> **Task details**
From the line with "text Een belastingaanslag" through the line with "text 14.3.3. Verhuurde", repeat the entries verbatim, both end lines included, and add nothing.

> **Material for the task**
----
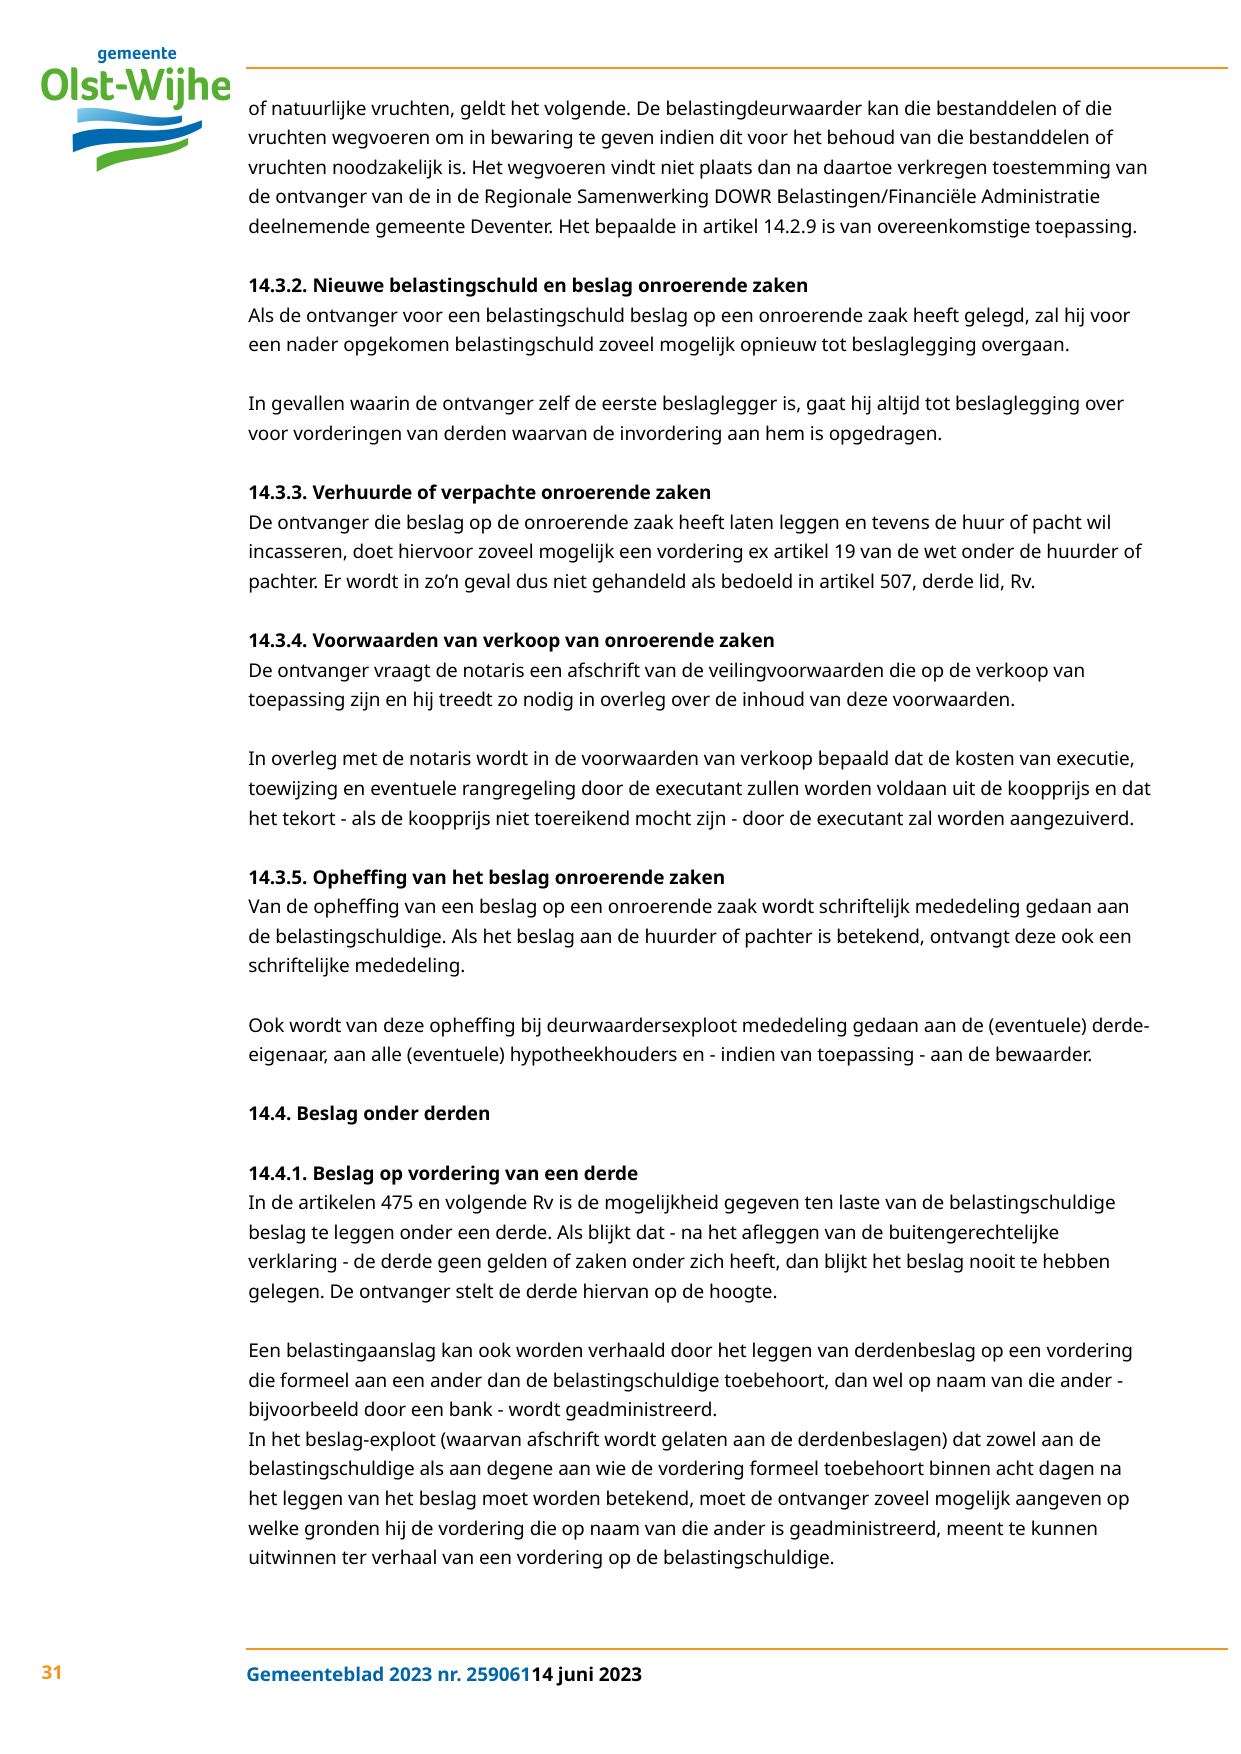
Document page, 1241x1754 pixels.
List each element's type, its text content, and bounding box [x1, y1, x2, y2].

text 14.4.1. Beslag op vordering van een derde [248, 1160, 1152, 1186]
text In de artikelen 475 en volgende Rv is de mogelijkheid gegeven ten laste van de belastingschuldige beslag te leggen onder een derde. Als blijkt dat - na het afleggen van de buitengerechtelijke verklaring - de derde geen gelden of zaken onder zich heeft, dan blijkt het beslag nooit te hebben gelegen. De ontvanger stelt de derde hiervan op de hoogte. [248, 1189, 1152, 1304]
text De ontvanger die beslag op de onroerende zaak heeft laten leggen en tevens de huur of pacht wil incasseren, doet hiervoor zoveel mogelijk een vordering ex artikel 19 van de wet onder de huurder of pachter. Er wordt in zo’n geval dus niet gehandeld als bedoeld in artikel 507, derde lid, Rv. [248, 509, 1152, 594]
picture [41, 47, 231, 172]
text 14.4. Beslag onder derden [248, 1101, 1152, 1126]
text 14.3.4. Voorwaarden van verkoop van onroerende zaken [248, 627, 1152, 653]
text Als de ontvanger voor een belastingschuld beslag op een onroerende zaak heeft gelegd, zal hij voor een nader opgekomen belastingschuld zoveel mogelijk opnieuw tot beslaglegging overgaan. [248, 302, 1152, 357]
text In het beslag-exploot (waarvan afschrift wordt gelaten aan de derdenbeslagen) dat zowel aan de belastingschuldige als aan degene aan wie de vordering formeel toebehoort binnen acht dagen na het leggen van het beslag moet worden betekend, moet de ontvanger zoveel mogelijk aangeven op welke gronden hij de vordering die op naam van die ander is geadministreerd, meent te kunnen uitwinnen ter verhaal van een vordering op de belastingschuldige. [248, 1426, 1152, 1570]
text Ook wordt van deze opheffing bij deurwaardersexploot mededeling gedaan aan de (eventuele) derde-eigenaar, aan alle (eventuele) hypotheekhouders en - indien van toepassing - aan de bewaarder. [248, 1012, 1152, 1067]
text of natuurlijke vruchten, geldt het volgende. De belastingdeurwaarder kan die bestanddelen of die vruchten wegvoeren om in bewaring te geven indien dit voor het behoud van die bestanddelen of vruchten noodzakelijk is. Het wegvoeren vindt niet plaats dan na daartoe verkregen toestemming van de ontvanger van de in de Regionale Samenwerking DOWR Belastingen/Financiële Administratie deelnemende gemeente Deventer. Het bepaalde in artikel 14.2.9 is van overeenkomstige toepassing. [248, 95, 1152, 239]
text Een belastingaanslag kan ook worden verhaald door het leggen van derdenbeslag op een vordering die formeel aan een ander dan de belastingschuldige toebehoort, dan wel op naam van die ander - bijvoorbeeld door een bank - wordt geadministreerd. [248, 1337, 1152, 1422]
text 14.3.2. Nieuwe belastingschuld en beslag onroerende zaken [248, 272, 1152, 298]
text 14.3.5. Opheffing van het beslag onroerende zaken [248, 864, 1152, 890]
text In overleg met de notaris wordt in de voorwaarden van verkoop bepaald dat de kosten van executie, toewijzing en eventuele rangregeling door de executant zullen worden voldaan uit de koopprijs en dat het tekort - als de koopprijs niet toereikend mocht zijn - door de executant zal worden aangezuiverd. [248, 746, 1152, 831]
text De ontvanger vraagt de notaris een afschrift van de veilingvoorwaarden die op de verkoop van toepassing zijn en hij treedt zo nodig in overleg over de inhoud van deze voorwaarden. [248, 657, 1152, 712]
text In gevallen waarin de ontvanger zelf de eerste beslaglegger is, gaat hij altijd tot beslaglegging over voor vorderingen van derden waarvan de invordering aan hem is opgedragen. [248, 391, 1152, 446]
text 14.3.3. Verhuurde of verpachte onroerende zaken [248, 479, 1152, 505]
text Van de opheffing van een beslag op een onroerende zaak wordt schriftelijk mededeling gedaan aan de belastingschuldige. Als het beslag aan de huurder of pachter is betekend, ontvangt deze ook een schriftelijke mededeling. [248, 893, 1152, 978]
----
> **Answer section**
text Een belastingaanslag kan ook worden verhaald door het leggen van derdenbeslag op een vordering die formeel aan een ander dan de belastingschuldige toebehoort, dan wel op naam van die ander - bijvoorbeeld door een bank - wordt geadministreerd. [248, 1337, 1152, 1422]
text 14.3.2. Nieuwe belastingschuld en beslag onroerende zaken [248, 272, 1152, 298]
text 14.3.5. Opheffing van het beslag onroerende zaken [248, 864, 1152, 890]
text In overleg met de notaris wordt in de voorwaarden van verkoop bepaald dat de kosten van executie, toewijzing en eventuele rangregeling door de executant zullen worden voldaan uit de koopprijs en dat het tekort - als de koopprijs niet toereikend mocht zijn - door de executant zal worden aangezuiverd. [248, 746, 1152, 831]
text De ontvanger vraagt de notaris een afschrift van de veilingvoorwaarden die op de verkoop van toepassing zijn en hij treedt zo nodig in overleg over de inhoud van deze voorwaarden. [248, 657, 1152, 712]
text In gevallen waarin de ontvanger zelf de eerste beslaglegger is, gaat hij altijd tot beslaglegging over voor vorderingen van derden waarvan de invordering aan hem is opgedragen. [248, 391, 1152, 446]
text 14.3.3. Verhuurde of verpachte onroerende zaken [248, 479, 1152, 505]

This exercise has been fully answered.